CT scanner variation is a major factor when quantifying parameters of the lungs and airways. The utilization of numerous different types of scanners introduces more error into the measurements. Similarly, the lower mAs used in expiratory scanning in our subjects likely increased the noise and variability in those scans. Scanner manufacturers utilize different algorithms when compiling the raw data from the scans. The assorted reconstruction kernels lead to varying measures of tissue attenuation values, which in turn affect all of the QCT parameters. Further detailed study will need to be performed in order to establish a standard method of correcting for scanner related variation, perhaps based on phantom or tracheal air measurements. Also, the accuracy of the airway wall thickness, and similar variables, is limited by voxel resolution, particularly at the subsegmental level. Because of variations in slice thickness and interval available on different scanner models, we were unable to prescribe uniform voxel dimensions in this study, although submillimeter thickness and interval was achieved in all cases. We have shown that this variability in voxel dimensions affects the measures of airway wall parameters.

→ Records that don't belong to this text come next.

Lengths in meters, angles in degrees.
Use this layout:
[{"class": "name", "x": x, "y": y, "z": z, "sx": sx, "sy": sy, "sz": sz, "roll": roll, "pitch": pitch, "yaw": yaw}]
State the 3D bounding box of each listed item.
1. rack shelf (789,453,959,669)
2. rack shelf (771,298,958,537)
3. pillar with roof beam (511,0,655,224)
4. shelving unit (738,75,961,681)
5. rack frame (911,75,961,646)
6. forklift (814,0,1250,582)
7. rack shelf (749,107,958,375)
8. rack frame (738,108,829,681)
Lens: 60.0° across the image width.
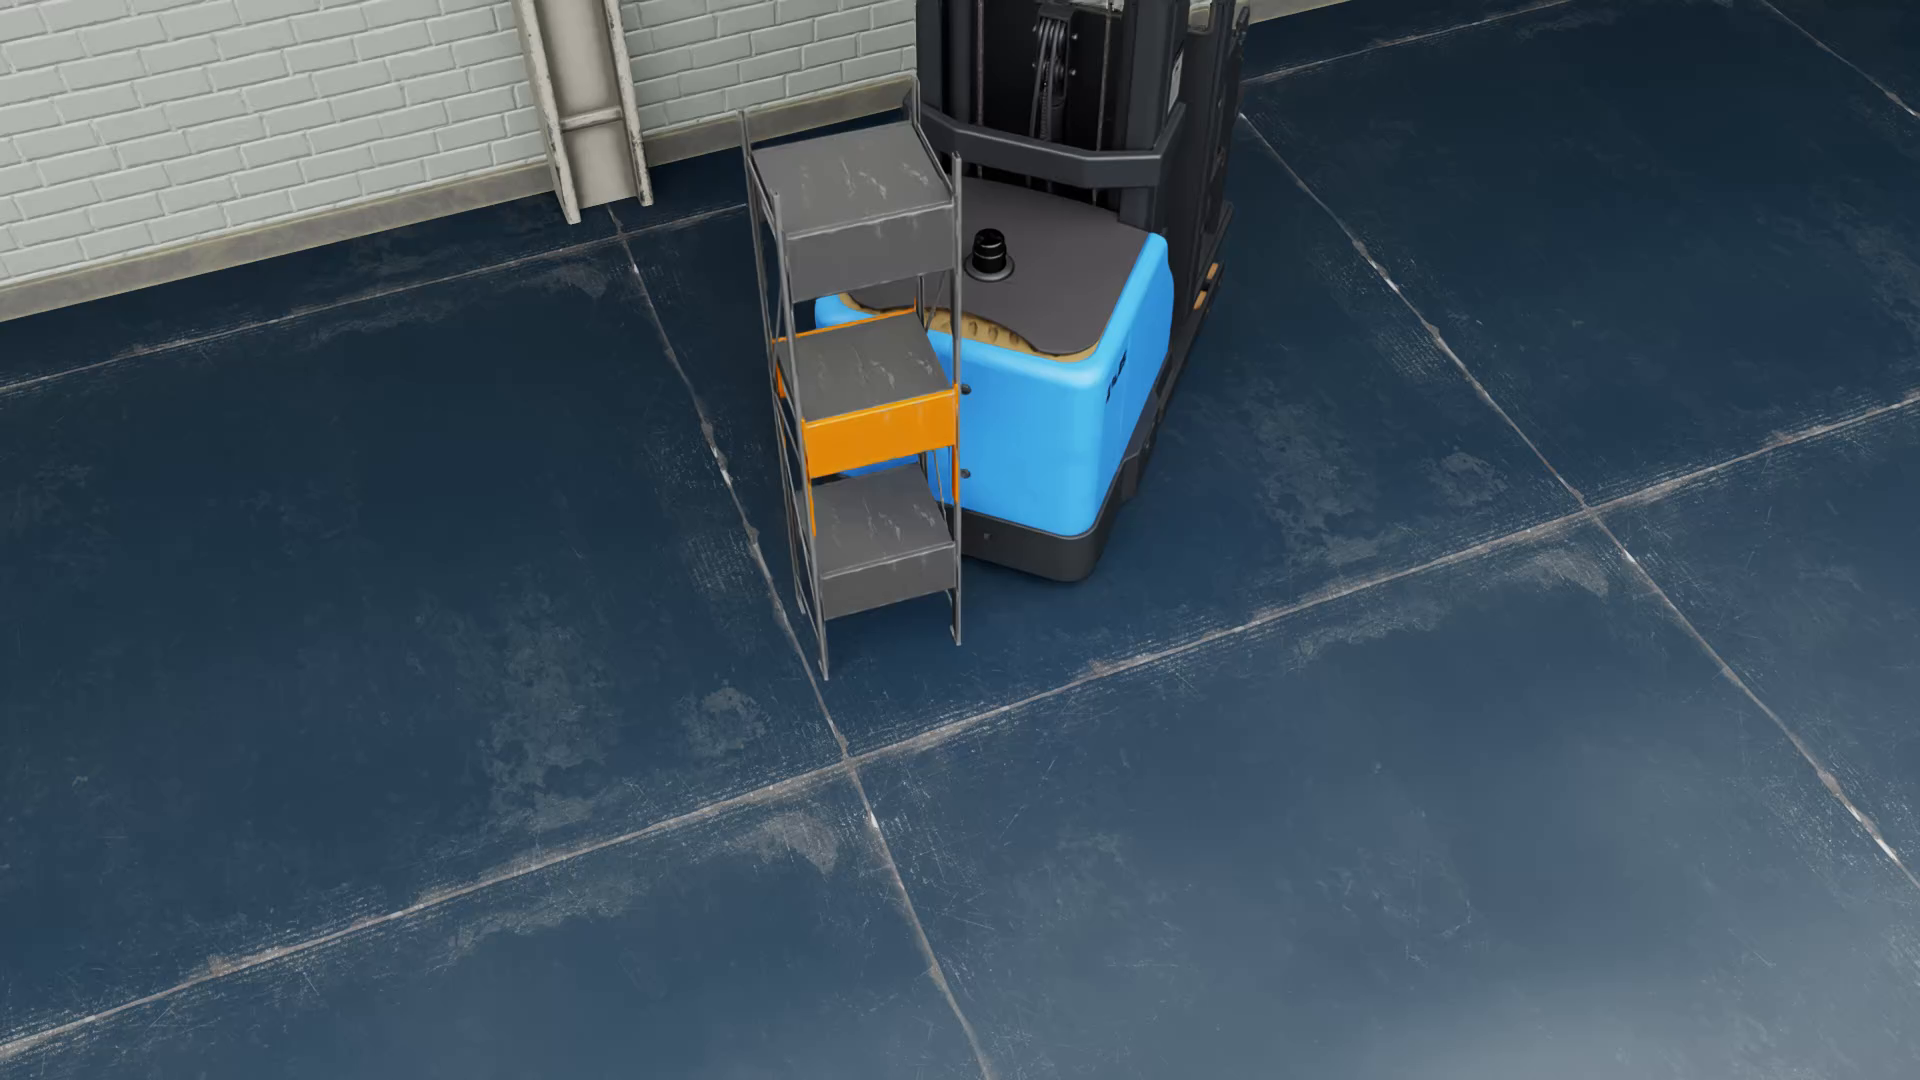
[{"class": "rack shelf", "x": -0.298, "y": 0.073, "z": 5.744, "sx": 0.480, "sy": 0.518, "sz": 0.431, "roll": -14, "pitch": 51, "yaw": -12}, {"class": "rack shelf", "x": -0.298, "y": -0.383, "z": 5.213, "sx": 0.480, "sy": 0.518, "sz": 0.431, "roll": -14, "pitch": 51, "yaw": -12}, {"class": "pillar with roof beam", "x": -0.003, "y": -1.489, "z": 1.597, "sx": 0.400, "sy": 9.000, "sz": 9.100, "roll": -17, "pitch": 52, "yaw": -14}, {"class": "shelving unit", "x": -0.298, "y": -0.392, "z": 5.203, "sx": 0.503, "sy": 2.100, "sz": 0.431, "roll": -14, "pitch": 51, "yaw": -12}, {"class": "rack frame", "x": -0.066, "y": -0.451, "z": 5.253, "sx": 0.015, "sy": 2.100, "sz": 0.400, "roll": -14, "pitch": 51, "yaw": -12}, {"class": "forklift", "x": 0.489, "y": -1.948, "z": 5.991, "sx": 1.130, "sy": 2.935, "sz": 3.031, "roll": 16, "pitch": 51, "yaw": 13}, {"class": "rack shelf", "x": -0.298, "y": -0.839, "z": 4.682, "sx": 0.480, "sy": 0.518, "sz": 0.431, "roll": -14, "pitch": 51, "yaw": -12}, {"class": "rack frame", "x": -0.530, "y": -0.334, "z": 5.153, "sx": 0.015, "sy": 2.100, "sz": 0.400, "roll": -14, "pitch": 51, "yaw": -12}]
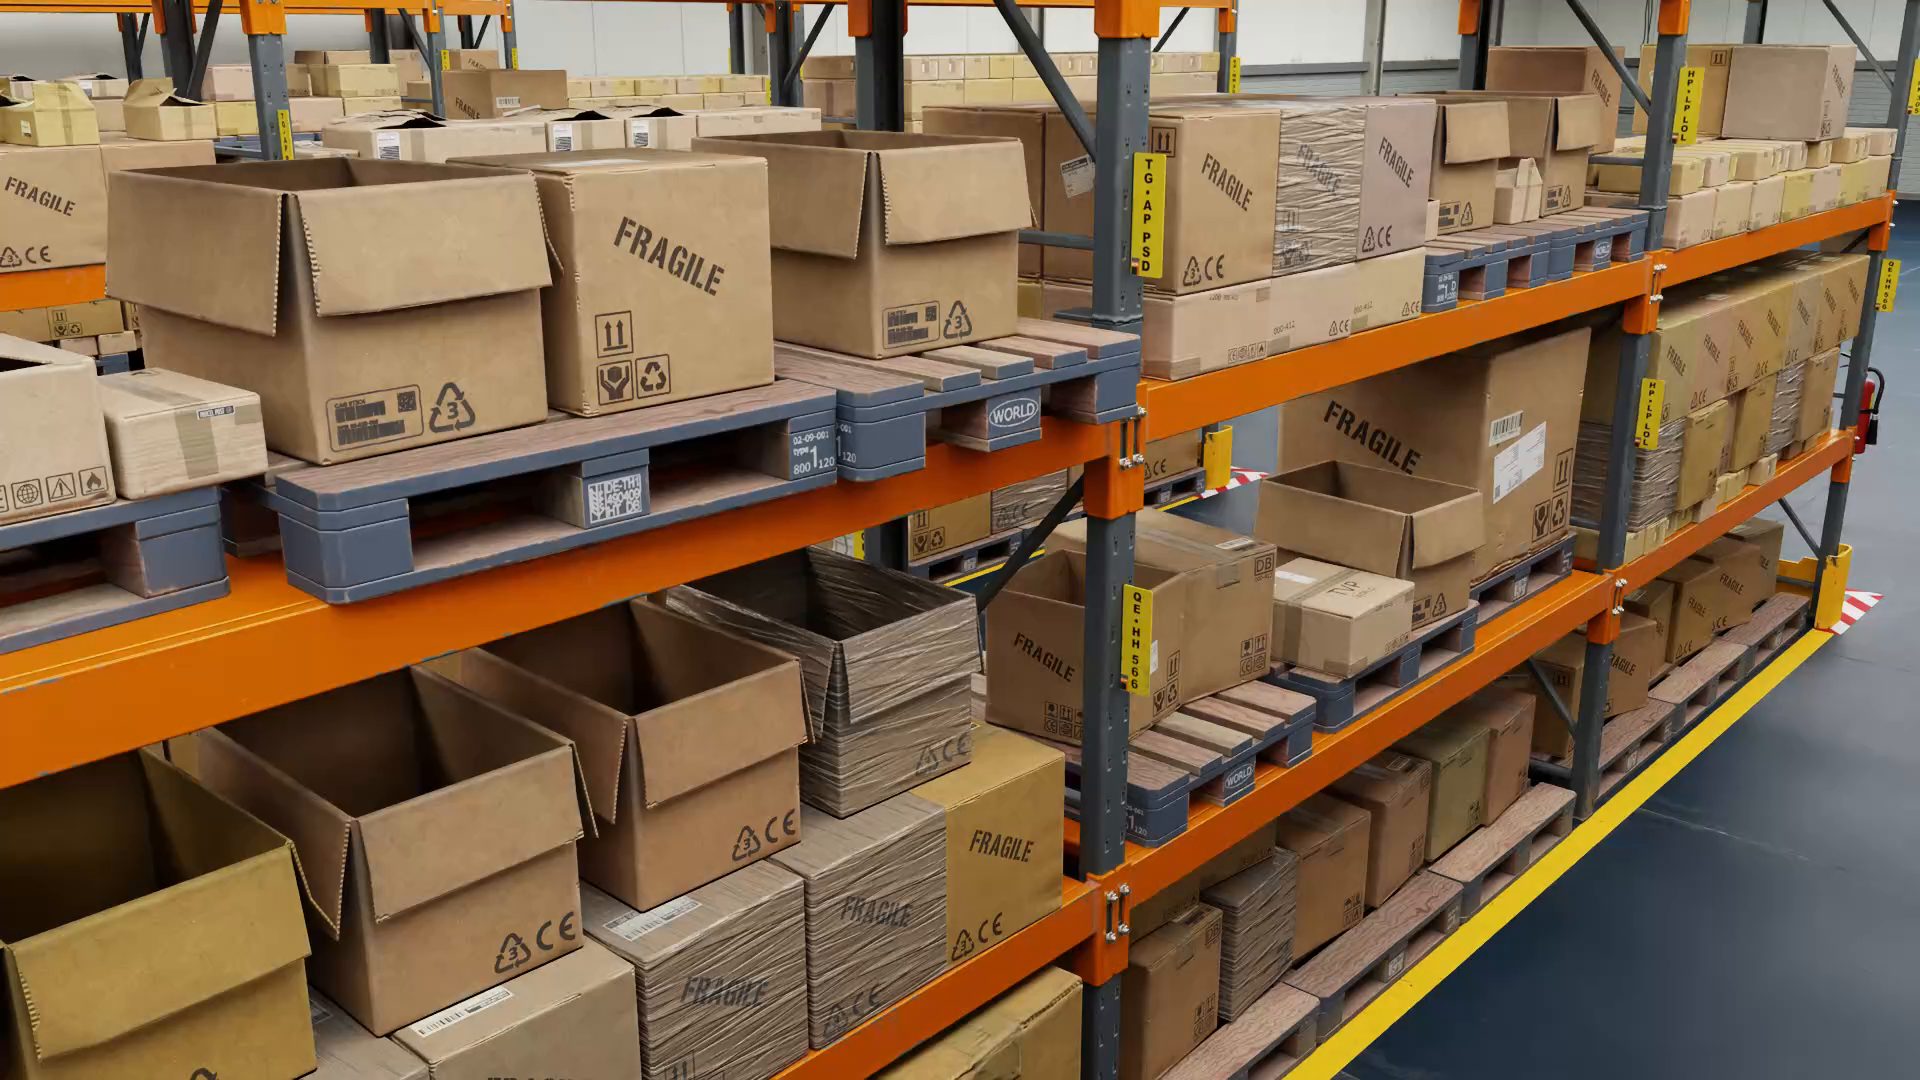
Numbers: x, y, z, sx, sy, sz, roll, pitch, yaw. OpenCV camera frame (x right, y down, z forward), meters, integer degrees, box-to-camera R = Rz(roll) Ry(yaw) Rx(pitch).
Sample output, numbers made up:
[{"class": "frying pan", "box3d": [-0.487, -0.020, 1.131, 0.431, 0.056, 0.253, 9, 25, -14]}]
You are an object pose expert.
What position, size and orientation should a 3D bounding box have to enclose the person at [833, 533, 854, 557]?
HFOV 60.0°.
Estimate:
[{"class": "person", "box3d": [-0.539, 0.183, 9.457, 0.470, 1.663, 0.327, 15, 23, 41]}]
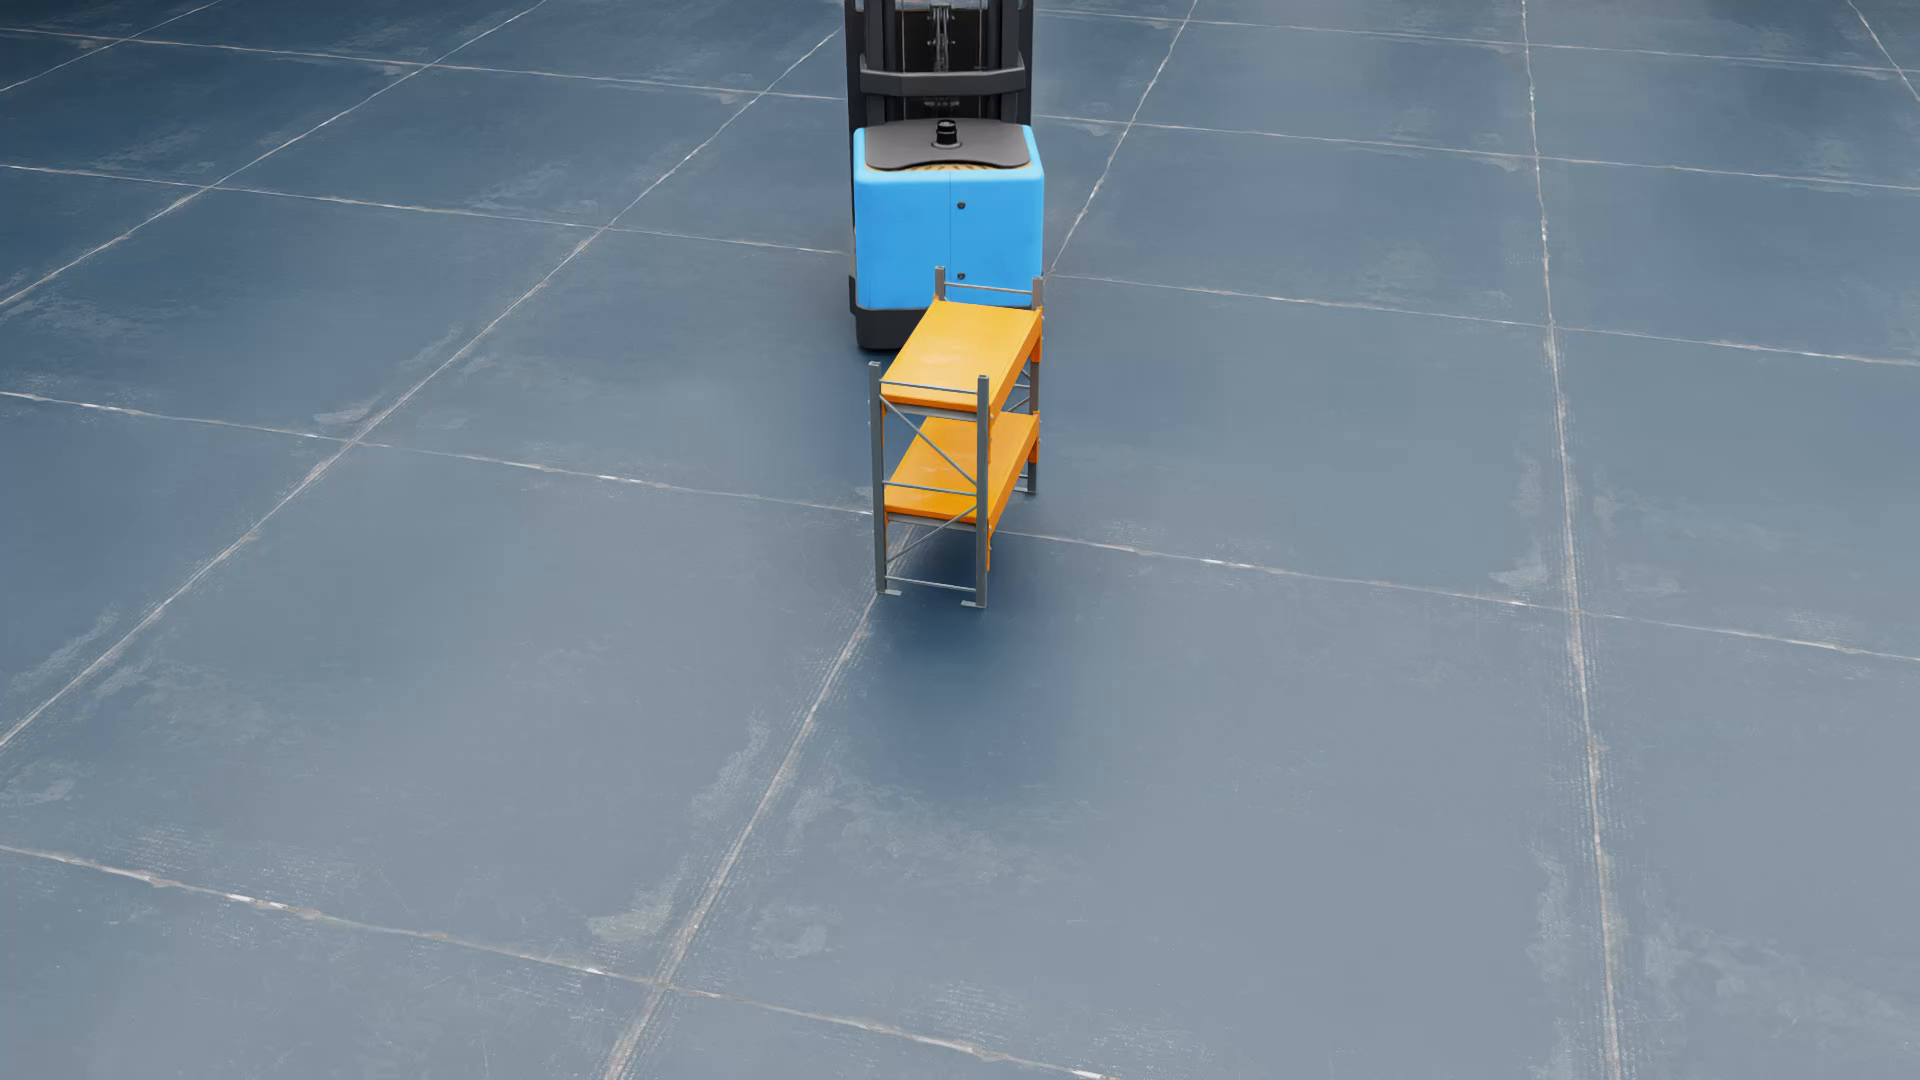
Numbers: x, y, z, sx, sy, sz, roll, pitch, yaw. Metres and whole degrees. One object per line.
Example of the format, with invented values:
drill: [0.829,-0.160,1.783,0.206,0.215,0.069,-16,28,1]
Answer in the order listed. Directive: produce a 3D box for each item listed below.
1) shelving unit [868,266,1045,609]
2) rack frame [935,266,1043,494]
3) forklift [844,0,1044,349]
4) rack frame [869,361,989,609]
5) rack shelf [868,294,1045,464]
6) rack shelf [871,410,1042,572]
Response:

Although the attenuation characteristics of normal lung differ by age and gender, these associations do not persist on multivariate analysis. Potential sources of variation in measurement of attenuation-based quantitative CT parameters include depth of inspiration, CT resolution and scanner model. Adjustment for tracheal air attenuation may help alleviate some of the scanner-related variation present in QCT analysis. Since QCT parameters also vary by lobe, understanding of normal lobar values may improve regional QCT assessment of diffuse lung diseases. Sources of variation in QCT airway measurements include age, sex, BMI, depth of inspiration, and voxel resolution. Future studies will need to address these variations in order to gain the most precision from QCT techniques.